De acordo com Gabriel Corrêa, gerente de FP&A e Finanças da Lindsay América Latina, representada pelas marcas Zimmatic™ e FieldNET™, o crédito para o produtor rural está mais burocrático e caro, com juros na faixa de 19%, considerando o spread bancário. “Esse patamar é significativamente superior ao que observamos nos últimos anos”, ressalta.
Para efeito de comparação, no início de 2020, a taxa básica era de 3% ao ano, enquanto os financiamentos do Plano Safra operavam com juros próximos a 6%. Desde então, o cenário mudou drasticamente, levando os agentes financeiros a adotarem uma postura mais conservadora na concessão de créditos, especialmente neste início de 2025. “Os bancos estão mais criteriosos, analisando a capacidade de pagamento do produtor a longo prazo e sua segurança produtiva”, explica Corrêa.
Tecnologia como aliada na segurança da produção
Diante desse contexto desafiador, os agricultores precisam adotar estratégias eficientes para garantir a produtividade. Uma das soluções mais relevantes é a irrigação, que permite maior segurança contra déficits hídricos. O uso de pivôs irrigados possibilita a produção de até três safras anuais, um diferencial competitivo expressivo. “Os produtores irrigantes são os únicos capazes de manter uma produtividade mínima mesmo em condições de seca severa”, destaca Corrêa.
Além do impacto positivo na produtividade, a irrigação também melhora a percepção do produtor perante as instituições financeiras. Essa tecnologia passou a ser considerada um fator relevante na análise de crédito, funcionando como uma espécie de garantia produtiva. “Estamos trabalhando junto aos bancos para que, além da avaliação tradicional, criem produtos financeiros mais vantajosos para o irrigante, com taxas de juros reduzidas”, explica o executivo. Segundo ele, essa diferença é compensada pelo aumento da produtividade na colheita.

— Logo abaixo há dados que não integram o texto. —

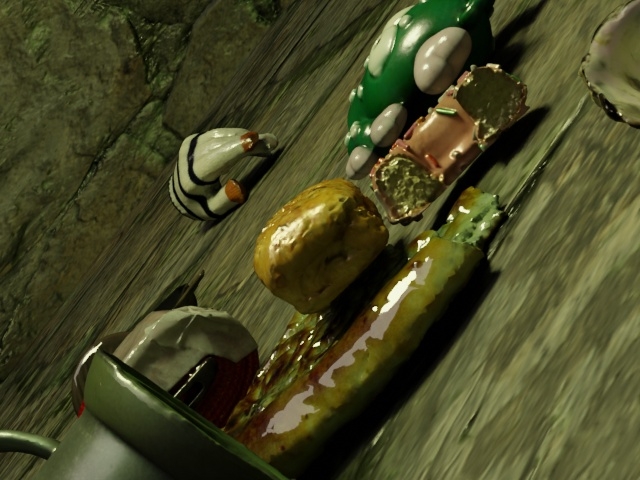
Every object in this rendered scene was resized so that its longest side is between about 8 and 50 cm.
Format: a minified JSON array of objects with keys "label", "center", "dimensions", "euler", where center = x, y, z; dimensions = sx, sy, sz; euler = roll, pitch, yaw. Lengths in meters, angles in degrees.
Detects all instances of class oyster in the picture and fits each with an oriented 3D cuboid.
[{"label":"oyster","center":[0.245,-0.116,0.895],"dimensions":[0.191,0.081,0.163],"euler":[-38,34,-9]}]

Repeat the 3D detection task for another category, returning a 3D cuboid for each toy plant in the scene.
[{"label":"toy plant","center":[0.104,-0.174,1.471],"dimensions":[0.243,0.112,0.232],"euler":[-52,8,30]}]

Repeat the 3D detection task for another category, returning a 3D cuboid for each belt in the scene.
[{"label":"belt","center":[-0.146,0.152,1.400],"dimensions":[0.201,0.128,0.124],"euler":[-53,12,-12]}]

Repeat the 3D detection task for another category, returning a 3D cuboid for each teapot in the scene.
[{"label":"teapot","center":[-0.184,0.249,0.968],"dimensions":[0.337,0.270,0.200],"euler":[-55,-18,-7]}]

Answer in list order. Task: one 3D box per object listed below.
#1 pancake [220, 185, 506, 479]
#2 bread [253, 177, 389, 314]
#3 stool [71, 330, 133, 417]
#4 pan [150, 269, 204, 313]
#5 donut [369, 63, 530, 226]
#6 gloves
[{"label":"pancake","center":[-0.012,0.103,1.196],"dimensions":[0.427,0.067,0.305],"euler":[-40,15,51]},{"label":"bread","center":[0.000,0.000,1.248],"dimensions":[0.114,0.083,0.211],"euler":[-40,5,2]},{"label":"stool","center":[-0.216,0.195,1.593],"dimensions":[0.121,0.125,0.217],"euler":[111,172,-67]},{"label":"pan","center":[-0.193,0.114,1.887],"dimensions":[0.128,0.048,0.202],"euler":[-57,11,-18]},{"label":"donut","center":[0.105,-0.081,1.256],"dimensions":[0.166,0.065,0.117],"euler":[-44,-1,-5]},{"label":"gloves","center":[-0.163,-0.120,2.299],"dimensions":[0.140,0.131,0.219],"euler":[-63,7,-35]}]

Parcerias financeiras e cooperativismo como suporte ao produtor
Para aproximar ainda mais o setor financeiro da irrigação, a Lindsay tem firmado parcerias com bancos como Itaú, DLL, Banco do Brasil e Bradesco. O objetivo é diversificar as opções de financiamento, oferecendo soluções adaptadas às necessidades do produtor rural. A empresa também disponibiliza um modelo de financiamento próprio, permitindo parcelamentos diretos e auxiliando na negociação de taxas com os bancos.

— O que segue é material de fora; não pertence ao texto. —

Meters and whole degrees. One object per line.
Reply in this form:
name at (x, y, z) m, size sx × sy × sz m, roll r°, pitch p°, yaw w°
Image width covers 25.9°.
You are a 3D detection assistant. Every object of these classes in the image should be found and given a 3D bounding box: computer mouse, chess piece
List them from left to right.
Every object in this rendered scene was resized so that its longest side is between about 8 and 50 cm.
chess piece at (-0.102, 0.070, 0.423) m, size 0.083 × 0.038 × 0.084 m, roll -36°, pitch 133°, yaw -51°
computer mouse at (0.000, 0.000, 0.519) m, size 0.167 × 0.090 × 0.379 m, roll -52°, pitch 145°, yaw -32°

O cooperativismo também desempenha um papel essencial na democratização da irrigação. A Lindsay tem colaboração ativa com cooperativas como Coamo e Cocamar, no Paraná, e Coplacana, em São Paulo. Essas instituições oferecem condições de financiamento diferenciadas para seus associados, além de parcerias estabelecidas com agentes financeiros.
Corrêa ressalta ainda que a empresa tem incentivado cooperativas de crédito a se habilitarem no programa Irriga + SP, do governo do Estado de São Paulo. “Esse programa foi lançado no fim do ano passado e ainda tem baixa adesão, mas representa uma grande oportunidade para o setor”, afirma.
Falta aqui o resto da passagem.